Jeff: I’m pretty sure they’ve done multiple Christmas albums.

Jason: Listen to Kenny’s vocal. He’s phoning it in!

Jeff: How much do you want to bet they both phoned these in?

Jason: Oh god, somebody shoot Dolly.

Jeff: Literally.

Jason: She just did that voice thing she thinks is cute, but isn’t. “I believe when someone hurts us, we should forgive and forget.” I will neither forgive NOR forget this dreck. Plus, it has nothing to actually do with Santa Claus.

Jeff: I believe in immaculately groomed beards.

Jason: I believe in spray-on tans.

Jeff: I believe in colossal jugs.

Jason: I believe in trans-fat coated fried chicken.
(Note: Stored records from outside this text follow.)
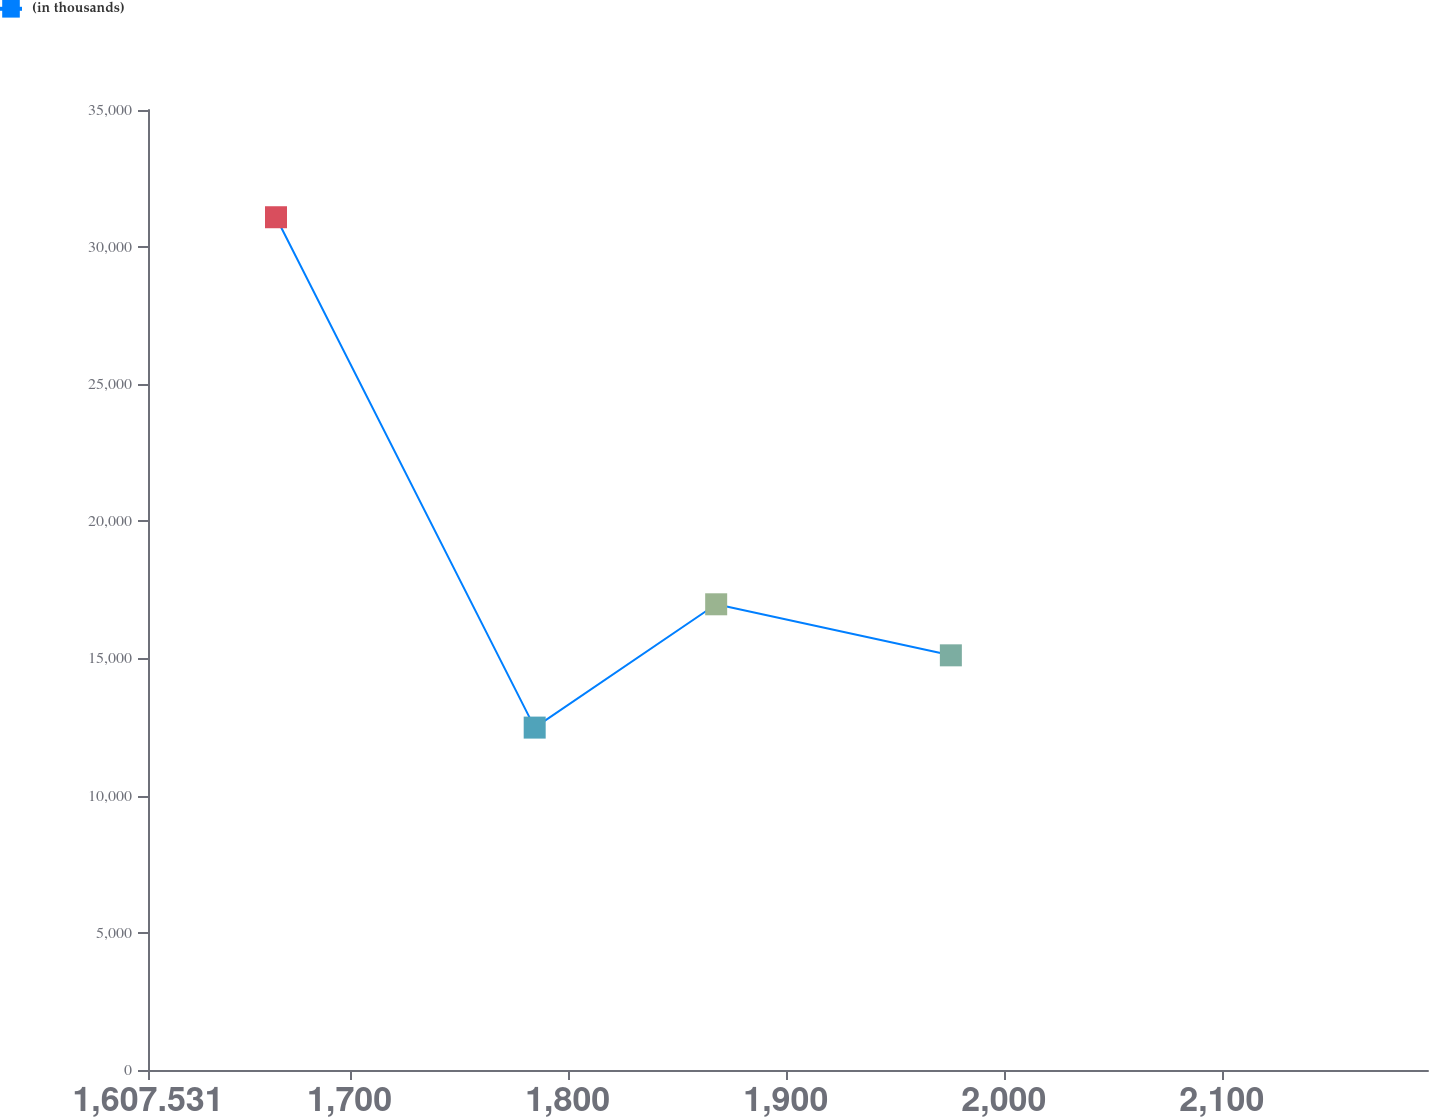Convert chart. <chart><loc_0><loc_0><loc_500><loc_500><line_chart><ecel><fcel>(in thousands)<nl><fcel>1666.23<fcel>31090.5<nl><fcel>1784.86<fcel>12483.2<nl><fcel>1868.09<fcel>16979<nl><fcel>1975.71<fcel>15118.2<nl><fcel>2253.22<fcel>21244.3<nl></chart> 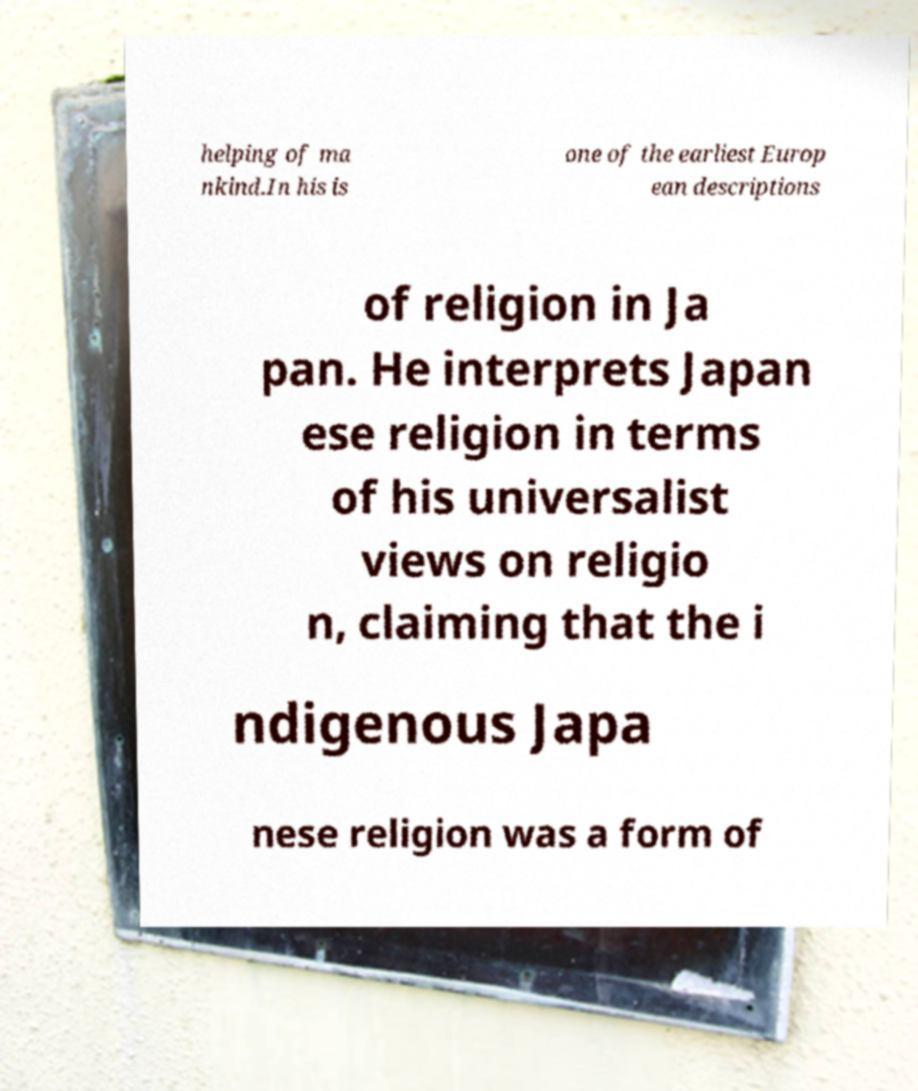Can you accurately transcribe the text from the provided image for me? helping of ma nkind.In his is one of the earliest Europ ean descriptions of religion in Ja pan. He interprets Japan ese religion in terms of his universalist views on religio n, claiming that the i ndigenous Japa nese religion was a form of 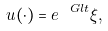<formula> <loc_0><loc_0><loc_500><loc_500>u ( \cdot ) = e ^ { \ G l t } \xi ,</formula> 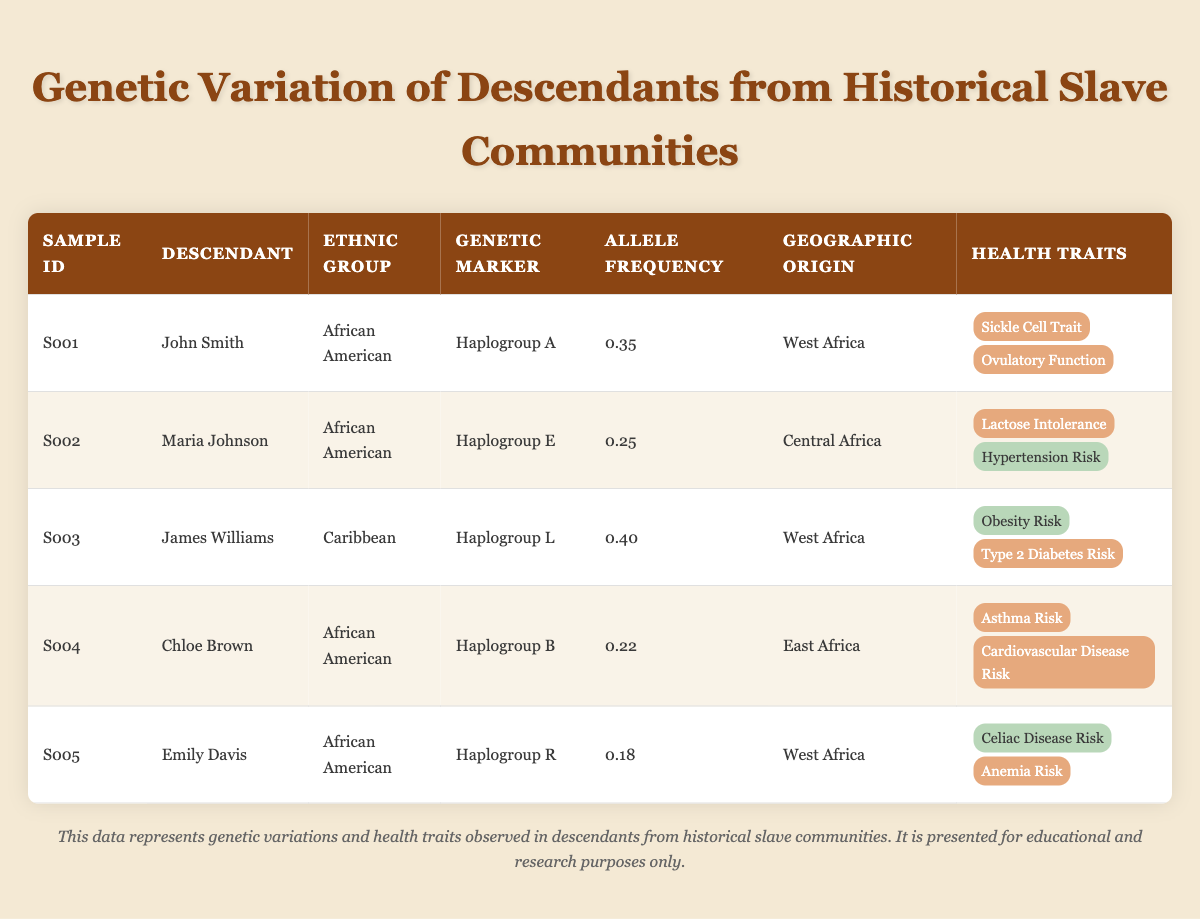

Jeff: I believe I’ve heard better Christmas songs.

Jason: I believe in women who resemble The Joker.

Jeff: I believe these drums are embarrassing.

Jason: The guitarist is in seventh heaven. Apparently nobody told him to rein it in.

Jeff: Oh God!

Jason: OH FUCK.

Jeff: Children’s choir!!!

Jason: KIDS! FUCKING KIDS!

Jeff: Ha ha ha ha ha ha ha ha ha! This is this best! And by “best,” I mean “hellishly awful”!

Jason: There was a little Dolly giggle in there. “Let the whole world sing!” Except the Muslims! Not so fast, Jews!’

Jeff: Ha ha ha! “No one invited you, sneaky Mormons!”

Jason: What, exactly, did that song have to do with Christmas, other than that ONE line?

Jeff: WOW. That was INCREDIBLE.

Jason: Yeah, that was rough. I bet the whole album is like that.

Jeff: I’d rather not find out, thank you very much. I will send this to everyone I hate.

Jason: In that case, I’m honored you sent it to me first.